Automotive reportable segment are components that are aggregated into four geographical reporting units for the purpose of goodwill impairment testing, as they (A) have similar economic characteristics (all are automotive dealerships having similar margins), (B) offer similar products and services (all sell new and used vehicles, service, parts and third-party finance and insurance products), (C) have similar target markets and customers (generally individuals), and (D) have similar distribution and marketing practices (all distribute products and services through dealership facilities that market to customers in similar fashions). The geographic reporting units are Eastern, Central, and Western United States and International. Our Retail Commercial Truck reportable segment has been determined to represent one operating segment and reporting unit. The goodwill included in our Other reportable segment relates primarily to our commercial vehicle distribution operating segment. There is no goodwill recorded in our Non-Automotive Investments reportable segment.
For our Retail Automotive and Retail Commercial Truck reporting units, we prepared a qualitative assessment of the carrying value of goodwill using the criteria in ASC 350-20-35-3 to determine whether it is more likely than not that a reporting unit’s fair value is less than its carrying value. If it were determined through the qualitative assessment that a reporting unit’s fair value is more likely than not greater than its carrying value, additional analysis would be unnecessary. During 2016, we concluded that it was not more likely than not that any of the retail automotive or retail commercial truck reporting units’ fair values were less than their carrying amount. If additional impairment testing was necessary, we would have estimated the fair value of our reporting units using an “income” valuation approach. The “income” valuation approach estimates our enterprise value using a net present value model, which discounts projected free cash flows of our business using the weighted average cost of capital as the discount rate. In connection with this process, we also reconcile the estimated aggregate fair values of our reporting units to our market capitalization. We believe this reconciliation process is consistent with a market participant perspective. This consideration would also include a control premium that represents the estimated amount an investor would pay for our equity securities to obtain a controlling interest, and other significant assumptions including revenue and profitability growth, franchise profit margins, residual values and the cost of capital.
For our Other reportable segment, we performed our impairment test by comparing the estimated fair value of each reporting unit with its carrying value. We estimated the fair value of these reporting units using an “income” valuation approach, as described above. We concluded that the fair value of each of these reporting units exceeded its carrying value.
We account for each of our investments under the equity method, pursuant to which we record our proportionate share of the investee’s income each period. The net book value of our investments was $893.4 million and $336.4 million as of December 31, 2016 and 2015, respectively, including $823.8 million and $290.6 million relating to PTL as of December 31, 2016 and 2015, respectively. In July 2016, we increased our ownership interest in PTL from 9.0% to 23.4% as a result of our acquisition of an additional 14.4% ownership interest, as discussed previously.

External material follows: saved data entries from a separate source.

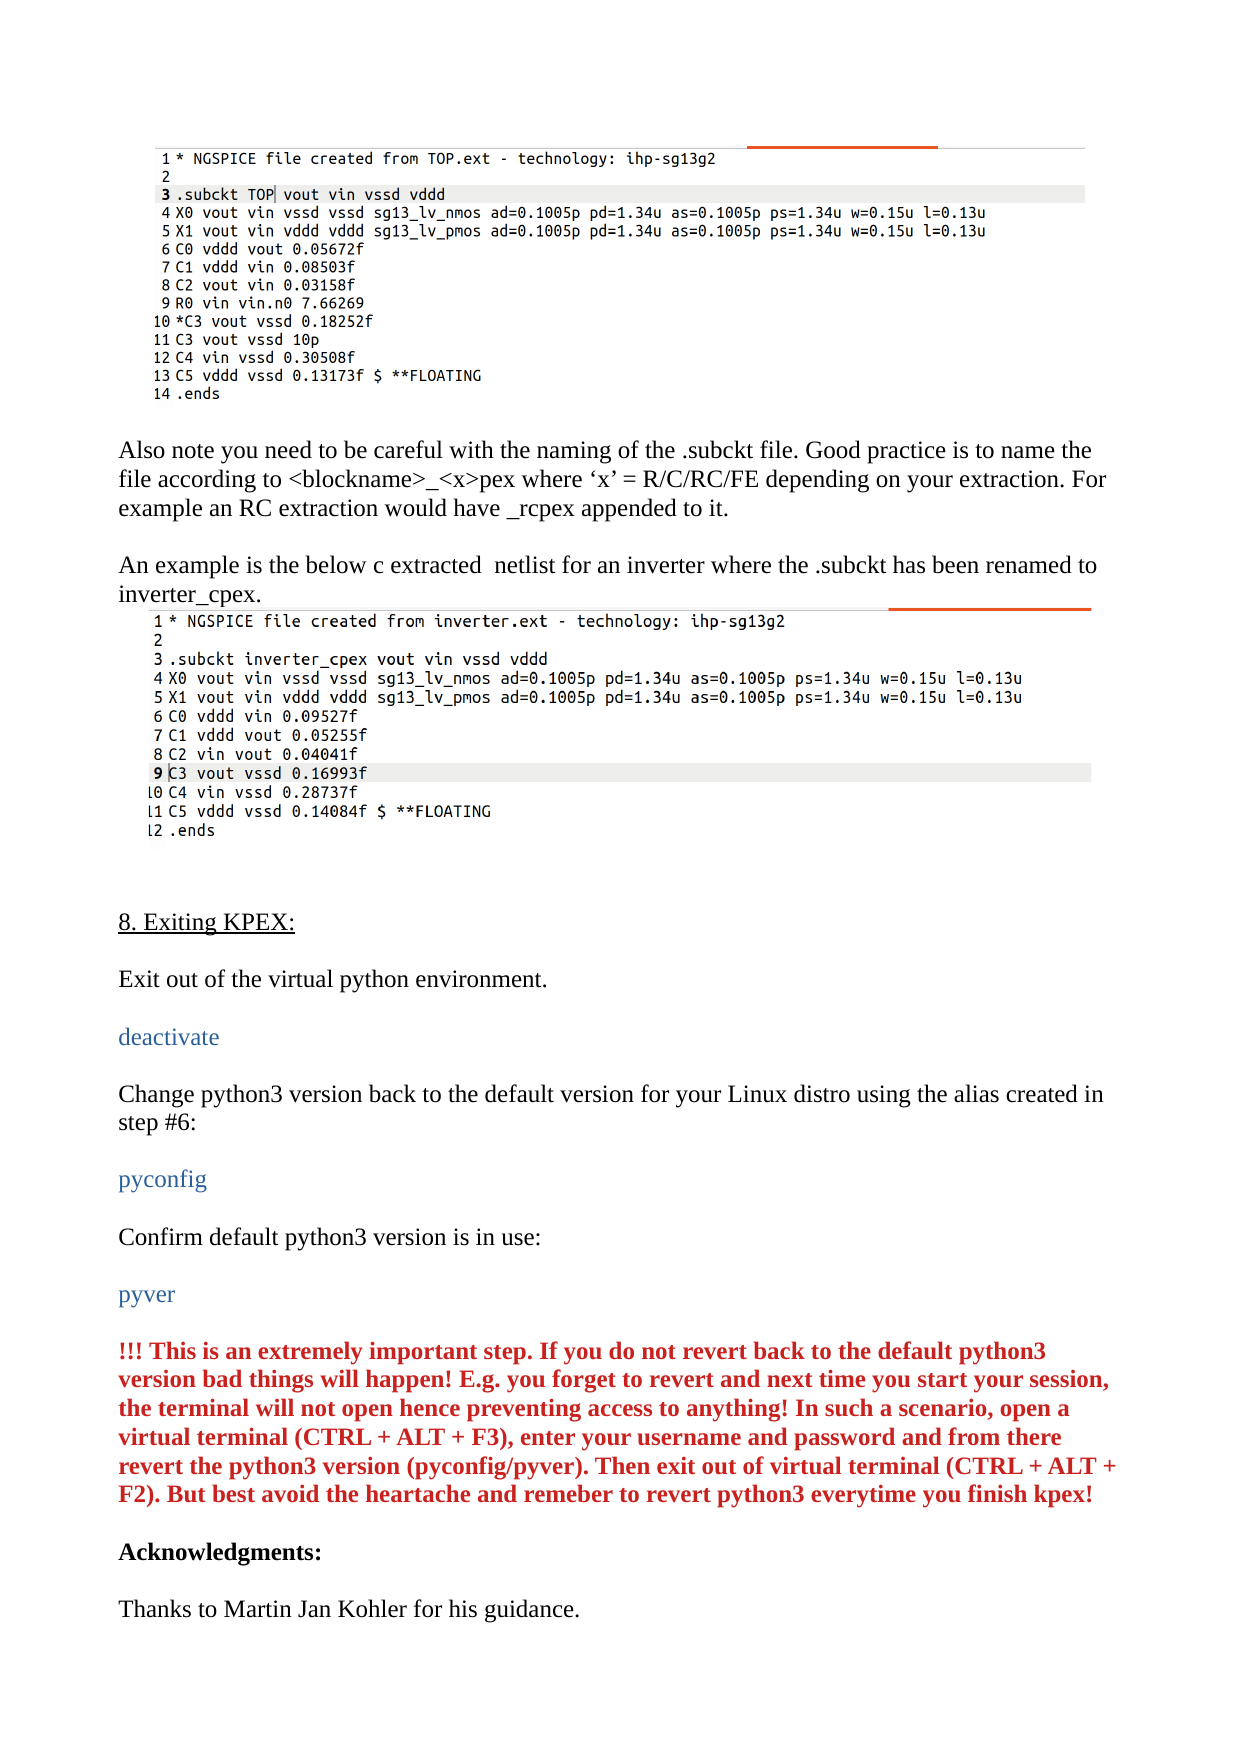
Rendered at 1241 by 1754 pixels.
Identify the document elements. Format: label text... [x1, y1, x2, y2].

text An example is the below c extracted netlist for an inverter where the .subckt has been renamed to inverter_cpex. [118, 550, 1122, 608]
picture [148, 607, 1092, 850]
text deactivate [118, 1022, 1122, 1050]
text Confirm default python3 version is in use: [118, 1222, 1122, 1250]
picture [155, 146, 1086, 407]
text !!! This is an extremely important step. If you do not revert back to the default python3 version bad things will happen! E.g. you forget to revert and next time you start your session, the terminal will not open hence preventing access to anything! In such a scenario, open a virtual terminal (CTRL + ALT + F3), enter your username and password and from there revert the python3 version (pyconfig/pyver). Then exit out of virtual terminal (CTRL + ALT + F2). But best avoid the heartache and remeber to revert python3 everytime you finish kpex! [118, 1336, 1122, 1508]
text 8. Exiting KPEX: [118, 907, 1122, 936]
text Also note you need to be careful with the naming of the .subckt file. Good practice is to name the file according to <blockname>_<x>pex where ‘x’ = R/C/RC/FE depending on your extraction. For example an RC extraction would have _rcpex appended to it. [118, 435, 1122, 521]
text Change python3 version back to the default version for your Linux distro using the alias created in step #6: [118, 1079, 1122, 1136]
text Exit out of the virtual python environment. [118, 964, 1122, 993]
text pyconfig [118, 1164, 1122, 1193]
text pyver [118, 1279, 1122, 1307]
text Acknowledgments: [118, 1537, 1122, 1566]
text Thanks to Martin Jan Kohler for his guidance. [118, 1594, 1122, 1623]

Investments for which there is not a liquid, actively traded market are reviewed periodically by management for indicators of impairment. If an indicator of impairment is identified, management estimates the fair value of the investment using a discounted cash flow approach, which includes assumptions relating to revenue and profitability growth, profit margins, residual values and our cost of capital. Declines in investment values that are deemed to be other than temporary may result in an impairment charge reducing the investments’ carrying value to fair value.
Foreign Currency Translation
For all of our non-U.S. operations, the functional currency is the local currency. The revenue and expense accounts of our non-U.S. operations are translated into U.S. dollars using the average exchange rates that prevailed during the period. Assets and liabilities of non-U.S. operations are translated into U.S. dollars using period end exchange rates.